All aspects of the silk industry were minutely regulated by the Grande Fabrique;  entry into the trade was restricted by letters of mastership and the obligation to complete a chef d'oeuvre.  In this sense the weavers were a privileged workforce. The position of  journeymen (compagnons) and apprentices was likewise laid down, become progressively more complicated in 1667, 1737 and 1744. Only one apprentice could be employed at any one time, tied by contract, and his parents were obliged to pay a sum to his master. At the end of five years he would be eligible, on payment of 24 livres, to become a compagnon, and after five more years he could apply for mastership at 120 livres.  Journeymen could not be paid less than half the price of the product they made and, although they were bound to their masters by credit, advances were restricted. In reality  masters and journeymen worked side by side and their interests were closely bound together.

In addition the trade employed large numbers of auxillary workers: readers (liseuses) who transposed the patterns from point paper into simples, loopmakers, drawgirls, bobbin-winders (dévideuses) and remetteuses who mended damaged threads and cords. Four looms employed as many as seven auxiliaries, in addition to the weaver himself, his wife, journeyman and apprentice.  Most of these workers were women, young girls from the surrounding countryside on minute wages, who represented a transient (and potentially unreliable) source of labour.

Economic conditions

Real life: traditional workshop photographed in 
Spitalfields in 1895.
Many London silk weavers were of Huguenot ancestry.
Hamlets Local History Collection
The daily life of all  was narrowly dependent on the prosperity of "la manufacture". The classic researches of Justin Godart  [L'ouvrier en soie, 1899] showed that the silk industry was susceptible to the slightest slowing in the market. The narrow regulatory framework meant that it was difficult to adapt, for instance by making different kinds of cloth.  Even temporary changes,  like a period of mourning in the Court could be problematic and, from the 17th century onwards heavy dependence on exports meant that the trade was at the mercy of the international politics.  Godard identified no less than seventeen short-term "crises" between 1689 and 1791.  Even in the relatively prosperous years before the mid-century, prosperity could be threatened - for instance in 1729 when the Saone froze over and brought transportation to a halt.   For master weavers, whose enterprises were tightly restricted in size, unemployment or prolonged depression in silk prices could force sale of looms and threatened  destitution;  for journeymen, apprentices and servants indigence was an ever present threat.  Accounts preserved in the Lyon archives, with their minute itemisation of expenditure - salt, tobacco, a coat for the weaver -  reveal long hours and tight margins of survival. The rectors of the Charité in Lyon estimated that an unemployed worker in silk could be reduced to penury in a fortnight to a month and in 1725 high prices meant that the town was full of workers who "lived from day to day".
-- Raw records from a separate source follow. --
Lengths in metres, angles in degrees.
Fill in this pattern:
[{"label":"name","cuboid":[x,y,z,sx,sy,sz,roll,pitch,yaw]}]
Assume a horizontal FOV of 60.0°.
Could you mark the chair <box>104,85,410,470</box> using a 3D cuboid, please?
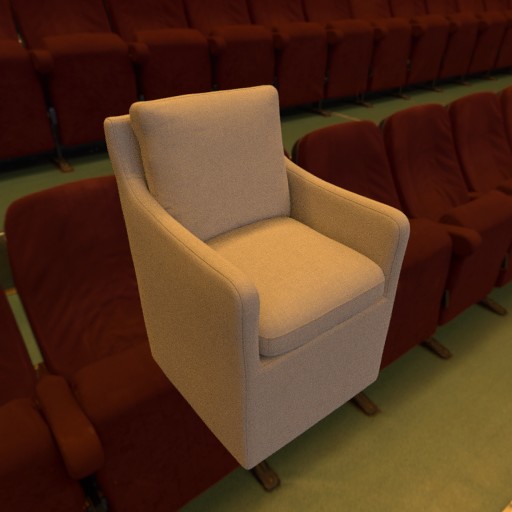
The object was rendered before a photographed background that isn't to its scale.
[{"label":"chair","cuboid":[0.000,0.000,1.386,0.626,0.914,0.694,-21,37,-32]}]
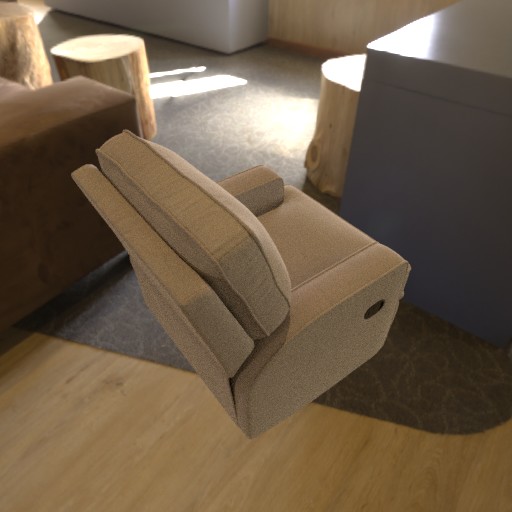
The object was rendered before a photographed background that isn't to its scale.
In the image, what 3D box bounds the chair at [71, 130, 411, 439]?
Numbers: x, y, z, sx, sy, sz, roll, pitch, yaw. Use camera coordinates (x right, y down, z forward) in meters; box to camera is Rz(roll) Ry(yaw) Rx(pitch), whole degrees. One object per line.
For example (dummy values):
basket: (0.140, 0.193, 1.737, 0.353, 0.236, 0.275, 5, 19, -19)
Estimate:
chair: (0.000, 0.000, 1.679, 0.969, 0.964, 0.861, -26, 48, -27)

Canut interiors : Histoire par images

See also:  

  Philippe Demoule, L'atelier du canut Lyonnais au XIXe siècle
Maison des canuts (museum), La Croix-Rousse, Lyon

Friday 21 March 2014

Making silk - novel technologies

With increasingly ambitious silk design, came a drive to improve weaving technologies.  The breakthrough design, the Jacquard loom, is a phenomenon of the early years of the 19th century but - to the excitement of computer historians - Jacquard's basic principle of encoding patterns on machined paper - was anticipated by 18th century pioneers.

Traditional looms - the métiers à la tire

From the early 17th century onwards, Lyons characteristically complex silk brocades, known as "figured" fabrics,  were made using a type of loom called a "drawn loom" (métier à la tire) . In plain weaving, warp threads were pulled into groups linked to vertical coupling cords (lisses) fixed into frames (lames) which were operated by pedals.  Patterns could be sophisticated but were always symmetrical and repetitive.  With the métiers à la tire, on the other hand, the warp threads were selected individually and, rather than being gathered into frames, were pulled by hand with attached cords. To do this, the cords were arranged into small groups linked by lashes or "loops" (lacs) and tied to a thick cord in the order they had to be pulled.  Each loop corresponded to one colour of the weft. The weft in turn was composed of threads (duites) of different shades reeled on small shuttles.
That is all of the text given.